═══ Records supplied ═══
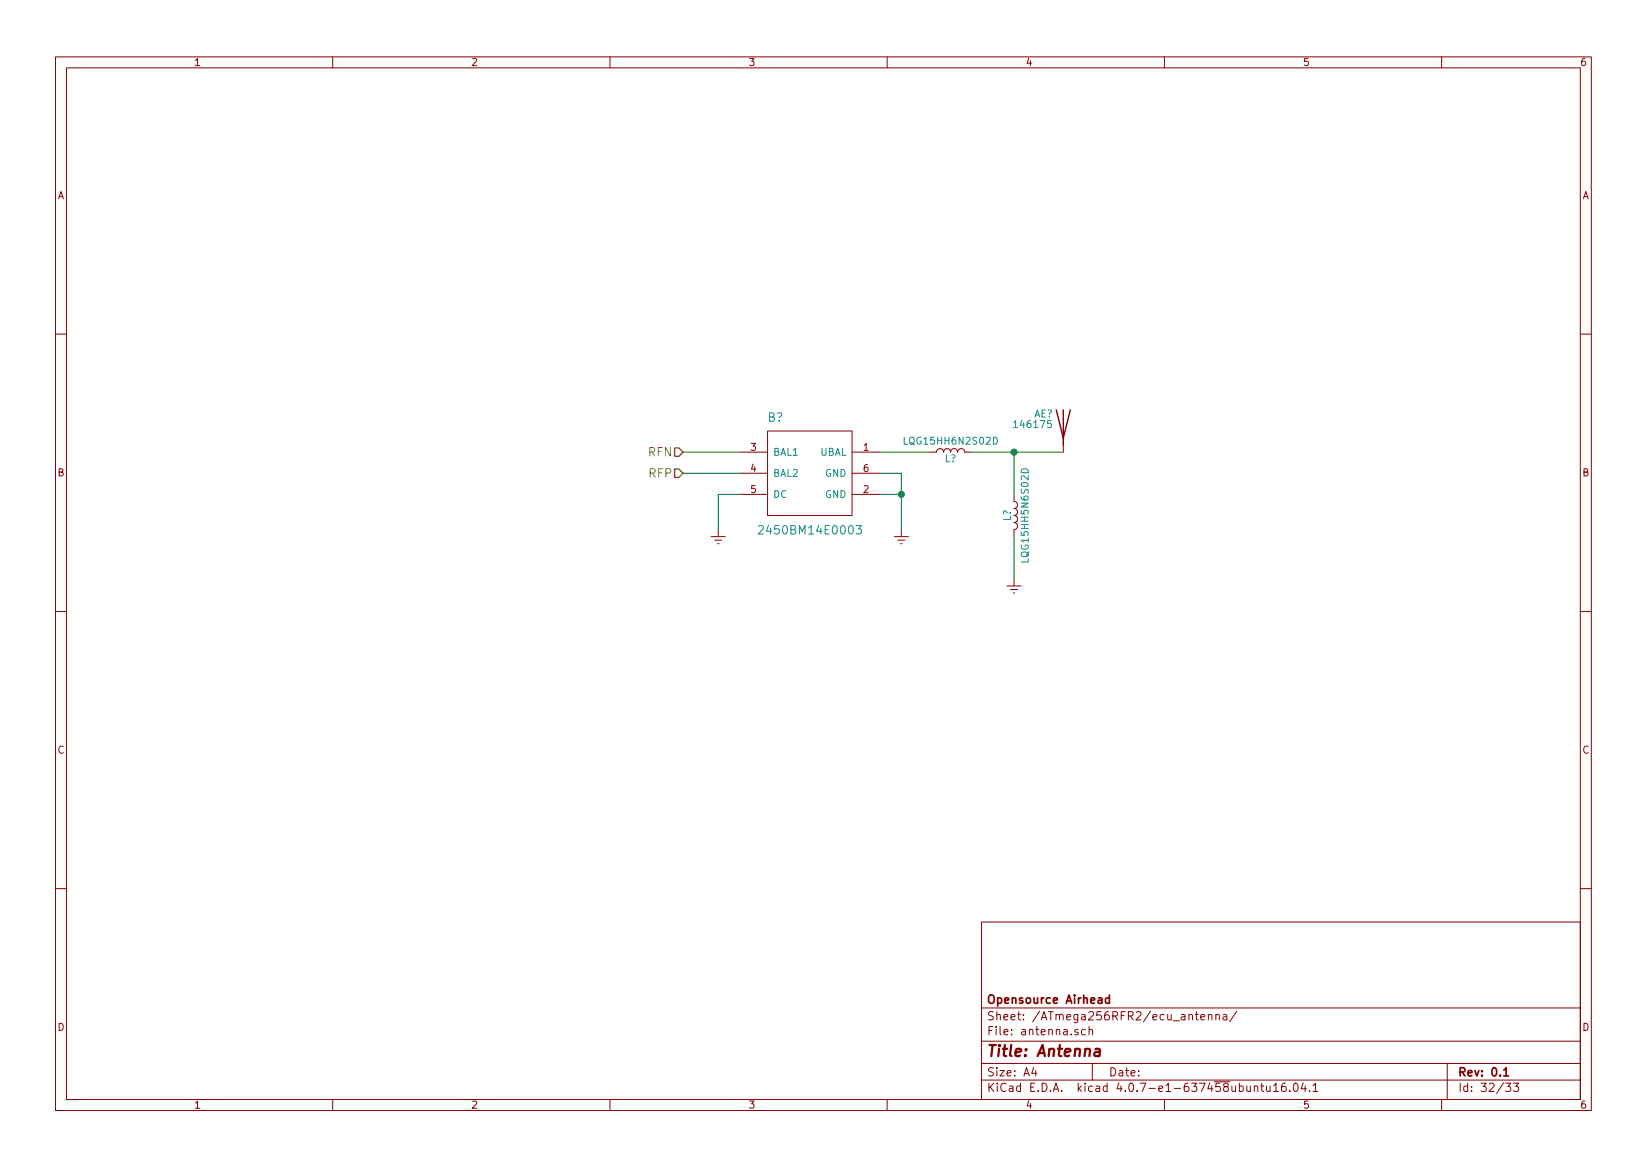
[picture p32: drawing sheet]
<svg xmlns="http://www.w3.org/2000/svg" width="297mm" height="210mm" viewBox="0 0 297 210" stroke-linecap="round" stroke-linejoin="round" font-family="sans-serif">
<defs><g id="words">
<text font-size="2.8" fill="#840000" x="178" y="190.5">Title: Antenna</text>
<g font-size="2.1" fill="#008484">
<text x="138.4" y="76">B?</text>
<text x="137.8" y="96.4">2450BM14E0003</text>
</g>
<g font-size="2.1" fill="#848400">
<text x="116.9" y="82.3">RFN</text>
<text x="117" y="86.1">RFP</text>
</g>
<g font-size="2.1" fill="#840000">
<text x="178" y="184">Sheet: /ATmega256RFR2/ecu_antenna/</text>
<text x="178" y="181">Opensource Airhead</text>
<text x="178" y="186.7">File: antenna.sch</text>
<text x="178" y="196.9">KiCad E.D.A. kicad 4.0.7-e1-637458ubuntu16.04.1</text>
<text x="178" y="194.1">Size: A4</text>
<text x="200" y="194.1">Date:</text>
<text x="263" y="194.1">Rev: 0.1</text>
<text x="263" y="196.9">Id: 32/33</text>
</g>
<g font-size="1.8" fill="#840000">
<text x="35" y="11.9">1</text>
<text x="85" y="11.9">2</text>
<text x="135" y="11.9">3</text>
<text x="185" y="11.9">4</text>
<text x="235" y="11.9">5</text>
<text x="285" y="11.9">6</text>
<text x="10.4" y="35.9">A</text>
<text x="285.4" y="35.9">A</text>
<text x="135.4" y="81.3">3</text>
<text x="155.7" y="81.3">1</text>
<text x="10.4" y="85.9">B</text>
<text x="135.4" y="85.1">4</text>
<text x="135.4" y="88.9">5</text>
<text x="155.7" y="88.9">2</text>
<text x="155.7" y="85.1">6</text>
<text x="285.4" y="85.9">B</text>
<text x="10.4" y="135.9">C</text>
<text x="285.4" y="135.9">C</text>
<text x="10.4" y="185.9">D</text>
<text x="285.4" y="185.9">D</text>
<text x="35" y="199.9">1</text>
<text x="85" y="199.9">2</text>
<text x="135" y="199.9">3</text>
<text x="185" y="199.9">4</text>
<text x="235" y="199.9">5</text>
<text x="285" y="199.9">6</text>
</g>
<g font-size="1.8" fill="#008484">
<text x="183.3" y="77.2">146175</text>
<text x="186.4" y="75.3">AE?</text>
<text x="139.4" y="82.2">BAL1</text>
<text x="147.8" y="82.2">UBAL</text>
<text x="163.4" y="80.2">LQG15HH6N2S02D</text>
<text x="170.4" y="83.3">L?</text>
<text x="139.4" y="86">BAL2</text>
<text x="139.4" y="89.8">DC</text>
<text x="148.7" y="89.8">GND</text>
<text x="148.7" y="86">GND</text>
<text x="182.3" y="94" transform="rotate(-90 182.3 94)">L?</text>
<text x="185.5" y="101" transform="rotate(-90 185.5 101)">LQG15HH5N6S02D</text>
</g>
</g></defs>
<g fill="none" stroke="#840000" stroke-width=".18">
<path d="M10 10.3h277v189.9h-277zM12 12.2h273v186.1h-273zM60 10.3v1.9M110 10.3v1.9M160 10.3v1.9M210 10.3v1.9M260 10.3v1.9M10 60.2h2M138.4 77.7h15.3v15.3h-15.3zM191.8 79v2.5M285 60.2h2M128.3 96.8h2.5"/>
<path d="M128.9 97.4h1.3M129.4 98h.3M129.5 95.5v1.3M133.3 81.5h5.1M133.3 89.1h5.1M133.3 85.3h5.1M153.7 81.5h5M153.7 89.1h5M153.7 85.3h5M161.3 96.8h2.5M161.9 97.4h1.3M162.4 98h.3"/>
<path d="M162.6 95.5v1.3M167.6 81.5h1.3a.63 .63 0 0 1 .6-.6 .63 .63 0 0 1 .7 .6 .63 .63 0 0 1 .6-.6 .63 .63 0 0 1 .6 .6 .63 .63 0 0 1 .7-.6 .63 .63 0 0 1 .6 .6 .63 .63 0 0 1 .7-.6 .63 .63 0 0 1 .6 .6h1.3M182.9 89.1v1.3a.63 .63 0 0 1 .6 .7 .63 .63 0 0 1-.6 .6 .63 .63 0 0 1 .6 .6 .63 .63 0 0 1-.6 .7 .63 .63 0 0 1 .6 .6 .63 .63 0 0 1-.6 .6 .63 .63 0 0 1 .6 .7 .63 .63 0 0 1-.6 .6v1.3M10 110.3h2M181.6 105.7h2.5M182.2 106.3h1.3M182.8 106.9h.2M182.9 104.4v1.3M285 110.3h2M10 160.2h2M177 166.3h108v32h-108zM285 160.2h2"/>
<path d="M60 198.3v1.9M110 198.3v1.9M160 198.3v1.9M177 194.8h108M177 191.8h108M177 187.8h108M177 181.8h108M186.4 192.5l-.3 1h.9M186.8 193v1M195.8 185.7l-.5-.1-.3 .3 .1 .6 .2 .1 .5-.1M196.4 185.7l.2-.1 .4 .1 .1 .9M196.4 185.1v1.5"/>
<path d="M197 191.8v3M210 198.3v1.9M215.6 182.9h.5M215.8 182.4v1.3l.3 .2M216.6 183.4l.7-.1-.1-.3-.4-.1-.2 .2v.7h.6M217.9 183.1l.2-.2 .4 .1 .1 .9M217.9 182.9v1M219.3 183.1l.2-.2 .4 .1v.9M219.3 182.9v1M220.6 183h.6l.1 .9M221.3 183.3l-.5 .1-.3 .2 .3 .3 .5-.1M223 182.3l-1.2 2"/>
<path d="M226.2 196l.2-.2 .4 .1v.9M226.2 195.8v1M227.4 195.8h.5M227.6 195.3v1.3l.3 .2M228.4 195.8l.1 .9 .4 .1 .2-.1M229.1 195.8v1M229.7 195.8l.4-.5v1.5M229.7 196.8h.9M231.8 195.3a.59 .59 0 0 0-.7 .7l.1 .7 .2 .1 .5-.1 .1-.5-.2-.2-.4-.1-.3 .3M232.6 196.7v.1M233.4 195.5l.2-.2a.81 .81 0 0 1 .6 .6 .81 .81 0 0 1-.3 .8l-.1 .1a.79 .79 0 0 1-.4-1.3zM235 195.2l-.3 1.1h.9"/>
<path d="M235.4 195.8v1M236.2 196.7v.1M236.8 195.8l.4-.5v1.5M236.8 196.8h.9M260 198.3v1.9M261 191.8v6.5M271.5 195.3h1l-.5 .6 .4 .1v.7l-.2 .1-.7-.1M272.9 195.3h1l-.5 .6 .4 .1v.7l-.2 .1-.7-.1"/>
</g>
<path d="M200.1 179.4v1.5M200.1 180l-.5-.1-.2 .3v.6l.2 .1 .5-.1M271.2 193l.4-.5v1.5M271.2 194h.9" fill="none" stroke="#840000" stroke-width=".3"/>
<path d="M197.6 189.2h.7v1.2M198.4 189.6l-.7 .1a.4 .4 0 0 0-.4 .3 .4 .4 0 0 0 .3 .4l.7-.1" fill="none" stroke="#840000" stroke-width=".41"/>
<path d="M182.8 76.2l.4-.4v1.3M182.8 77.1h.7M136.8 94.9l.6-.1 .2 .1 .1 .3-.1 .2-.9 .9h1M154.4 94.8h.9l-.5 .5 .4 .1 .1 .2v.5l-.3 .2h-.4l-.2-.2" fill="none" stroke="#008484" stroke-width=".18"/>
<path d="M190.5 73.9l1.3 5.1 1.2-5.1M191.8 73.9v6.4" fill="none" stroke="#840000" stroke-width=".25"/>
<path d="M123.2 85.3h10.1M123.2 81.5h10.1M133.3 89.1h-3.8v6.4M158.7 85.3h3.9v10.2M158.7 81.5h8.9M158.7 89.1h3.9M175.3 81.5h16.5M182.9 81.5v7.6M182.9 96.8v7.6" fill="none" stroke="#008400" stroke-width=".18"/>
<g fill="#008400" stroke="#008400" stroke-width=".25">
<circle cx="162.6" cy="89.1" r=".51"/>
<circle cx="182.9" cy="81.5" r=".51"/>
</g>
<path d="M121.7 80.8h.7l.8 .7-.8 .8h-.7zM121.7 84.6h.7l.8 .7-.8 .8h-.7z" fill="none" stroke="#848400" stroke-width=".25"/>
<use href="#words"/>
</svg>
═══
### What the task asks
Retype, in the same exact form, the lines of the material above from the line holding "198.3v1.9M110 198.3v1.9M160 198.3v1.9M177" through the line holding "191.8v3M210 198.3v1.9M215.6 182.9h.5M215.8".

### Worked solution
<path d="M60 198.3v1.9M110 198.3v1.9M160 198.3v1.9M177 194.8h108M177 191.8h108M177 187.8h108M177 181.8h108M186.4 192.5l-.3 1h.9M186.8 193v1M195.8 185.7l-.5-.1-.3 .3 .1 .6 .2 .1 .5-.1M196.4 185.7l.2-.1 .4 .1 .1 .9M196.4 185.1v1.5"/>
<path d="M197 191.8v3M210 198.3v1.9M215.6 182.9h.5M215.8 182.4v1.3l.3 .2M216.6 183.4l.7-.1-.1-.3-.4-.1-.2 .2v.7h.6M217.9 183.1l.2-.2 .4 .1 .1 .9M217.9 182.9v1M219.3 183.1l.2-.2 .4 .1v.9M219.3 182.9v1M220.6 183h.6l.1 .9M221.3 183.3l-.5 .1-.3 .2 .3 .3 .5-.1M223 182.3l-1.2 2"/>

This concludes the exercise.